-- Your goal --
What you hand back must match the records word for word, with no pictures.

Collection entries
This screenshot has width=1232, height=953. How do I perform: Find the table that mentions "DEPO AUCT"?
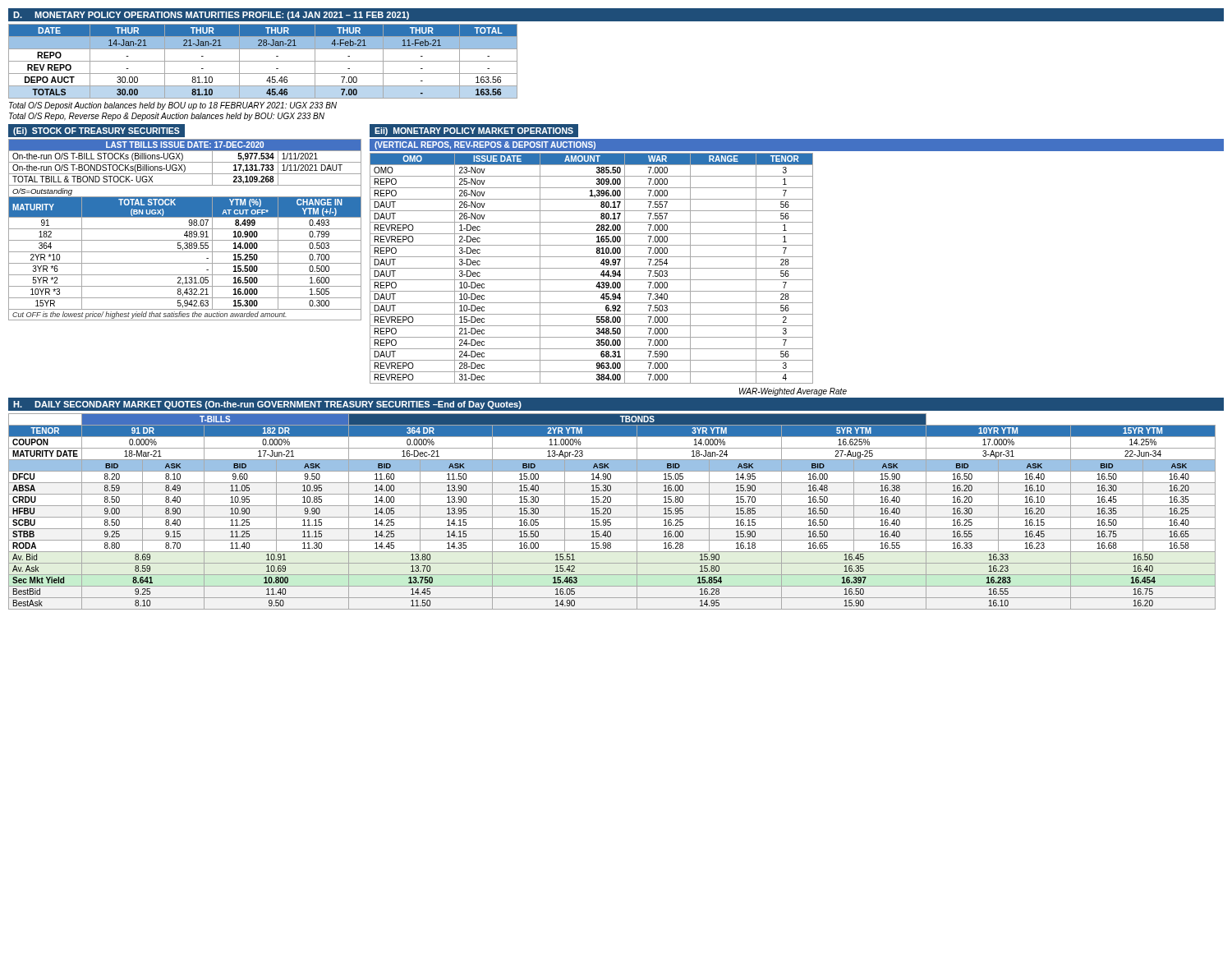point(616,61)
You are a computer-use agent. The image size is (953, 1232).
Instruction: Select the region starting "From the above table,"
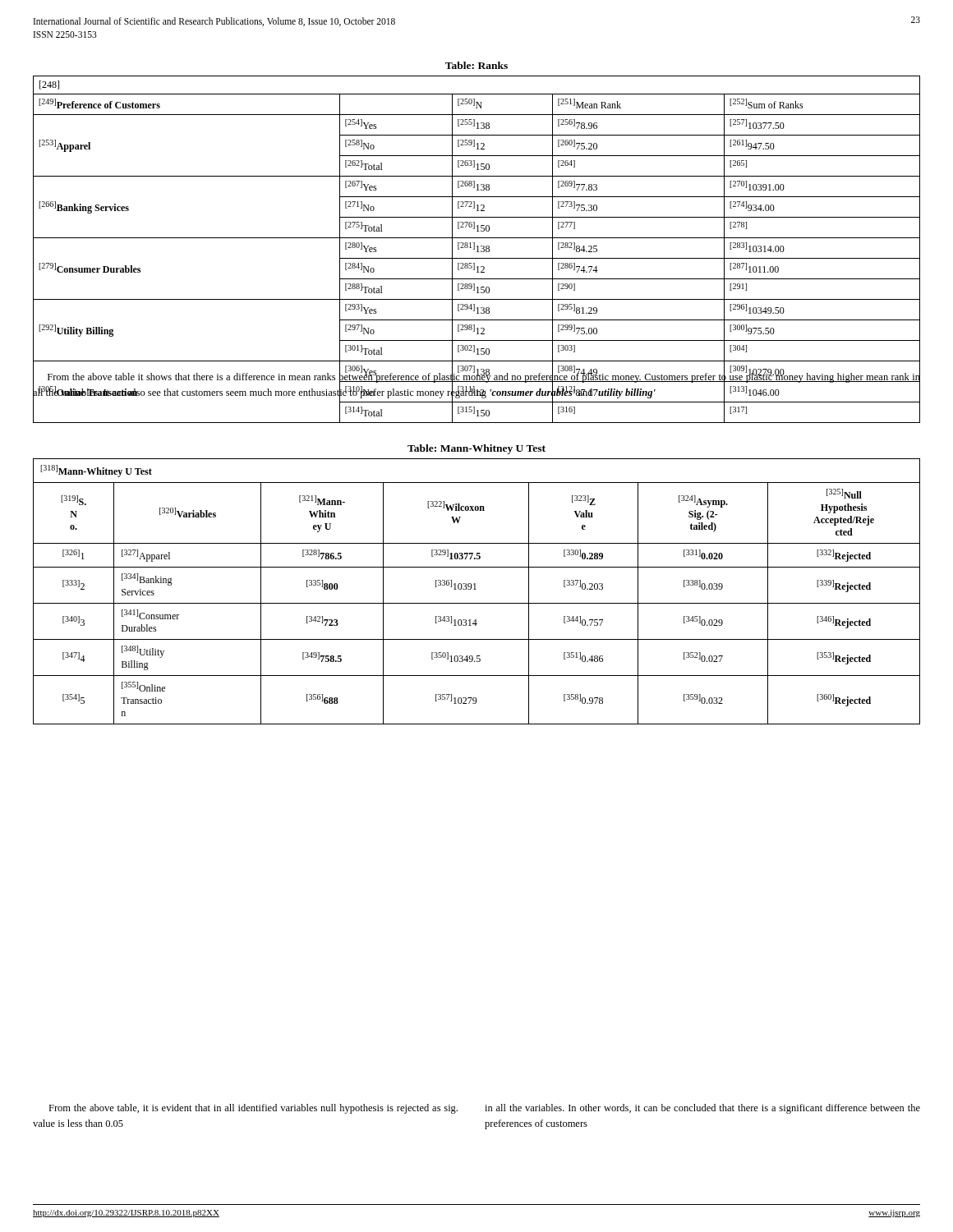coord(246,1116)

-- Output of the exercise --
This screenshot has width=1232, height=953. How do I perform: Find the table that mentions "DEPO AUCT"?
point(616,61)
You are a computer-use agent. The image size is (953, 1232).
Instruction: Select the region starting "From the above table,"
coord(246,1116)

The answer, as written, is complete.